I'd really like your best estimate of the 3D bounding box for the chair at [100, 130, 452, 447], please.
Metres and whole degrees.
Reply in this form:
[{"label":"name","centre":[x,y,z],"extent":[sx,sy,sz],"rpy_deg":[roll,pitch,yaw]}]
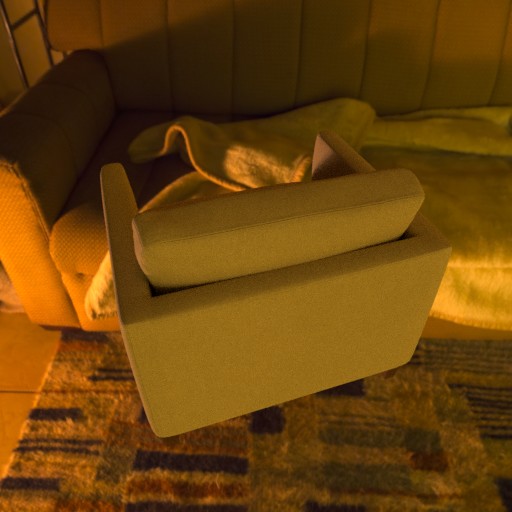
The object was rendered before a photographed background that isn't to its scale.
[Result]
[{"label":"chair","centre":[0.000,0.000,1.833],"extent":[1.107,0.961,0.959],"rpy_deg":[-12,43,-14]}]
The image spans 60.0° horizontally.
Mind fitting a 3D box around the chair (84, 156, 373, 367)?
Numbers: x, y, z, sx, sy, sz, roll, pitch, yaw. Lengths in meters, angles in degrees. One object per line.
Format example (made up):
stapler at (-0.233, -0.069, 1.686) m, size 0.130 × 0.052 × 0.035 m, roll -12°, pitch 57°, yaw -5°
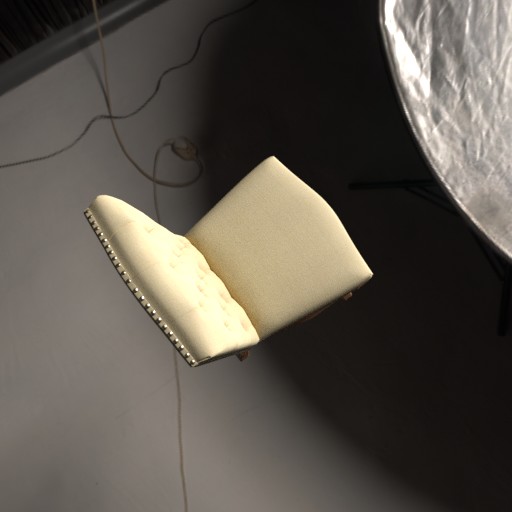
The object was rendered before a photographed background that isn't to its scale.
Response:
chair at (0.000, 0.000, 1.574) m, size 0.715 × 1.165 × 0.623 m, roll -36°, pitch 78°, yaw -9°
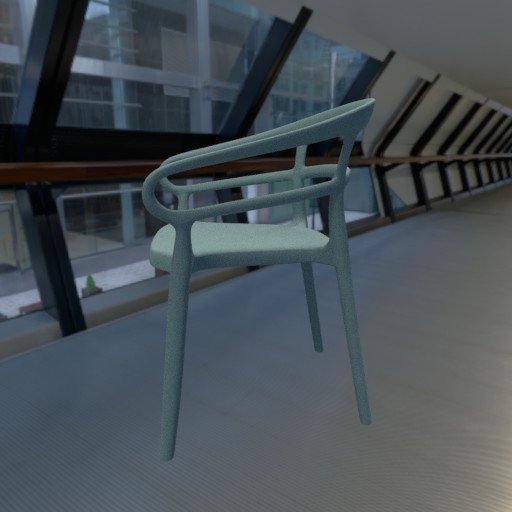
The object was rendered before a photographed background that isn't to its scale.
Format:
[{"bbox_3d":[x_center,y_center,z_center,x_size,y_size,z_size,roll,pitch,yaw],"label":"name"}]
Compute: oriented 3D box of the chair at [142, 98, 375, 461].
[{"bbox_3d":[0.000,0.000,1.134,0.527,0.761,0.559,-2,14,-9],"label":"chair"}]
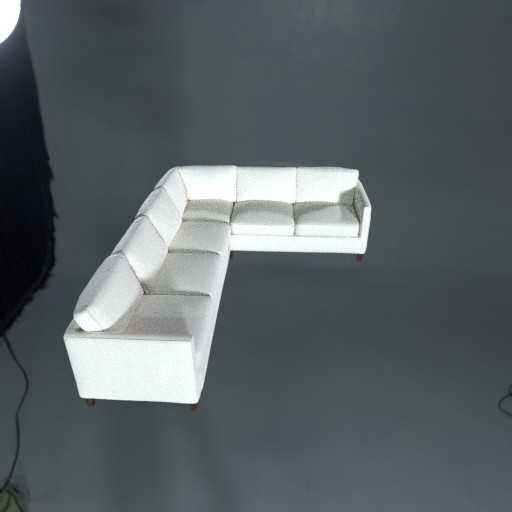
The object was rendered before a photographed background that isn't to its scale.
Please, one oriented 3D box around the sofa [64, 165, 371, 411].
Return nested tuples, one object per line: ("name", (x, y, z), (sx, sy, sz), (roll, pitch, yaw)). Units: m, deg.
("sofa", (0.000, 0.000, 4.529), (2.593, 0.947, 3.302), (1, 30, 2))
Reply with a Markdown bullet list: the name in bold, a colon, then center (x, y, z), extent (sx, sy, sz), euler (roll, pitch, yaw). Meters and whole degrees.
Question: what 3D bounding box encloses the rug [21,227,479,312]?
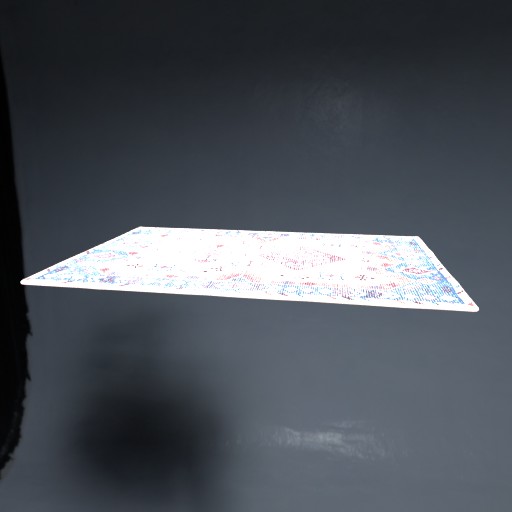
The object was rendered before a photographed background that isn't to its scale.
- **rug**: center (0.000, 0.000, 2.312), extent (1.840, 0.015, 1.225), euler (3, 15, 9)
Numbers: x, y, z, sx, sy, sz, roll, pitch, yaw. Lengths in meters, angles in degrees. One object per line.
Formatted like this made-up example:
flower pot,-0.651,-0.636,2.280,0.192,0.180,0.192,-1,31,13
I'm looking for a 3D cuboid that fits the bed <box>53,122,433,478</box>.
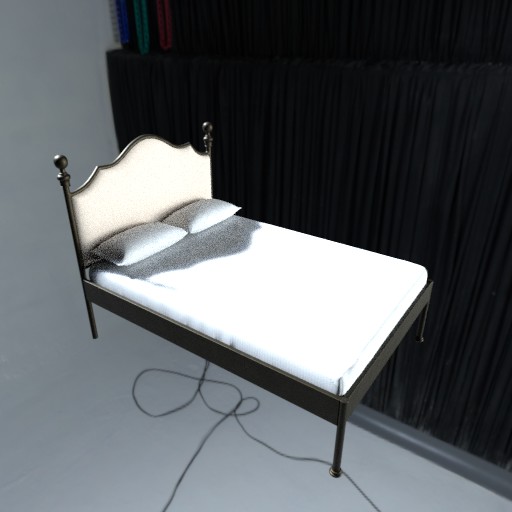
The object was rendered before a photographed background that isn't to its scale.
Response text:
bed,0.000,0.000,3.168,2.170,1.462,1.533,18,32,31
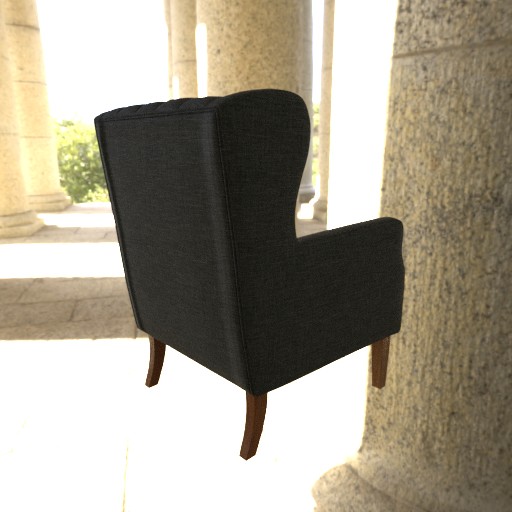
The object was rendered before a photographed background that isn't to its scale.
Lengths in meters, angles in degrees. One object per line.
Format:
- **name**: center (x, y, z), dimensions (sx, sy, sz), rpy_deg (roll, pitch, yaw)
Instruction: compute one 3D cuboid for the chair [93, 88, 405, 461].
- **chair**: center (0.000, 0.000, 1.466), dimensions (0.775, 0.953, 0.711), rpy_deg (-13, 19, -42)
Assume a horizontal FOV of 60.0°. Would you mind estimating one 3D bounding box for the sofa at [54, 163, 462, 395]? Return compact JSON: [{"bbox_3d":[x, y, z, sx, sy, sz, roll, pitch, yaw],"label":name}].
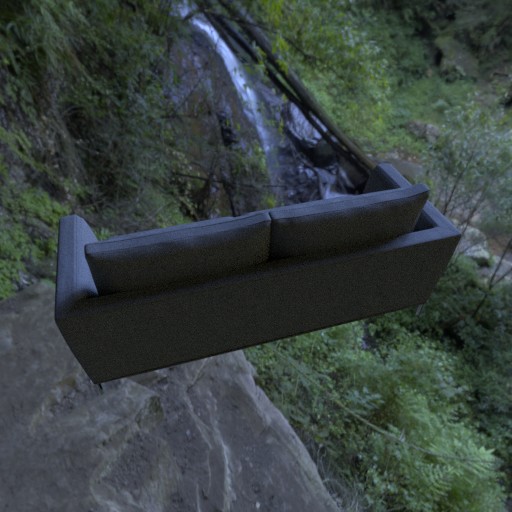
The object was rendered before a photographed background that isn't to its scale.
[{"bbox_3d":[0.000,0.000,2.744,2.212,1.002,0.869,-11,43,-12],"label":"sofa"}]
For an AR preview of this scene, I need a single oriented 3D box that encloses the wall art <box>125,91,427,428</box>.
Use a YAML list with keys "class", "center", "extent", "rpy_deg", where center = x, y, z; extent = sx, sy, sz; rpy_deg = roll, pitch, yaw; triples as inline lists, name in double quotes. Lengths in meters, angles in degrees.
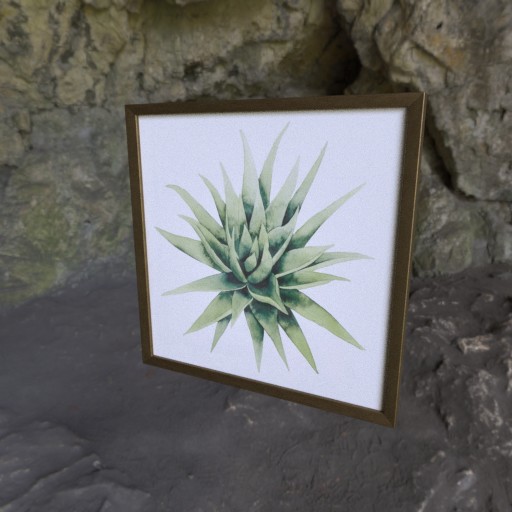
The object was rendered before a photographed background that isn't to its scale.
- class: "wall art"
  center: [0.000, 0.000, 0.759]
  extent: [0.503, 0.506, 0.030]
  rpy_deg: [7, 16, 24]
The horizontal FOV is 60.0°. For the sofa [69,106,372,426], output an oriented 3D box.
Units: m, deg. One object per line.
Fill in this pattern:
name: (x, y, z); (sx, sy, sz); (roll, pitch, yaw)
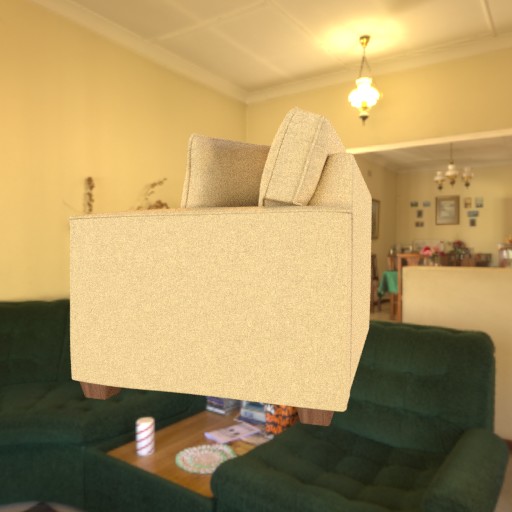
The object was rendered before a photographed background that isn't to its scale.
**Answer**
sofa: (0.000, 0.000, 2.062); (0.991, 0.989, 1.388); (0, 1, 17)
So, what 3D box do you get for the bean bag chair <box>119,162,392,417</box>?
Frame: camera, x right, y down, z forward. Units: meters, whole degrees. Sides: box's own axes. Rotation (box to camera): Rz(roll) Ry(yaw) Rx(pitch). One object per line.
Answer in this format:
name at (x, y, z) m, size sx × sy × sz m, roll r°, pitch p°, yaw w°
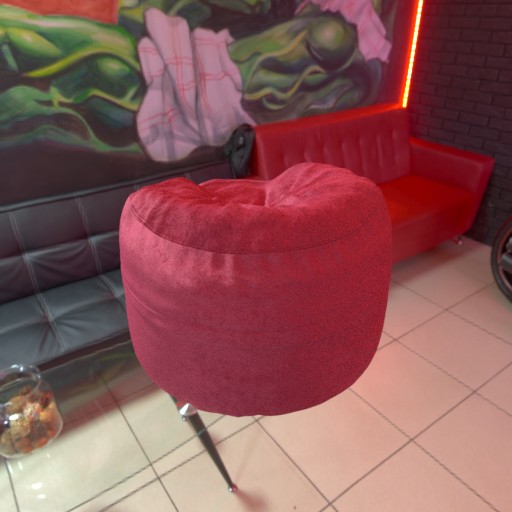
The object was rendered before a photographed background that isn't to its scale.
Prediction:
bean bag chair at (0.000, 0.000, 2.031) m, size 1.218 × 0.788 × 1.218 m, roll 0°, pitch 29°, yaw 0°
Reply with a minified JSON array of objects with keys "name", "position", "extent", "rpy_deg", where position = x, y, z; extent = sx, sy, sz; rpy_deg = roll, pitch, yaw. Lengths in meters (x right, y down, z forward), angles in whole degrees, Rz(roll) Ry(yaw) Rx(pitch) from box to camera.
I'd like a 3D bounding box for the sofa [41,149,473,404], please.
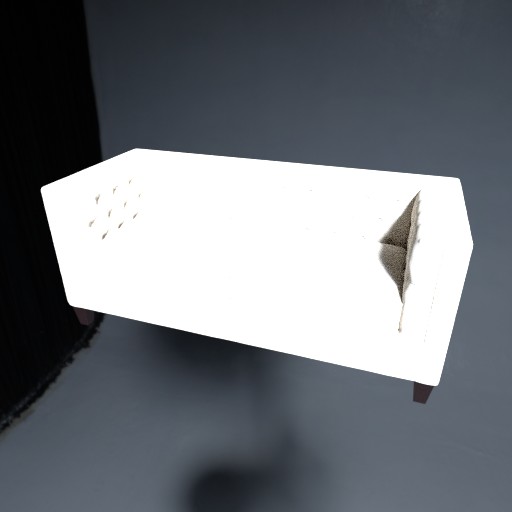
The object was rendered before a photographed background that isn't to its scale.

Work item: Return only those lines of the records that contain the string "what".

Task result:
Question: what 3D bounding box encloses the rug [21,227,479,312]?
So, what 3D box do you get for the bean bag chair <box>119,162,392,417</box>?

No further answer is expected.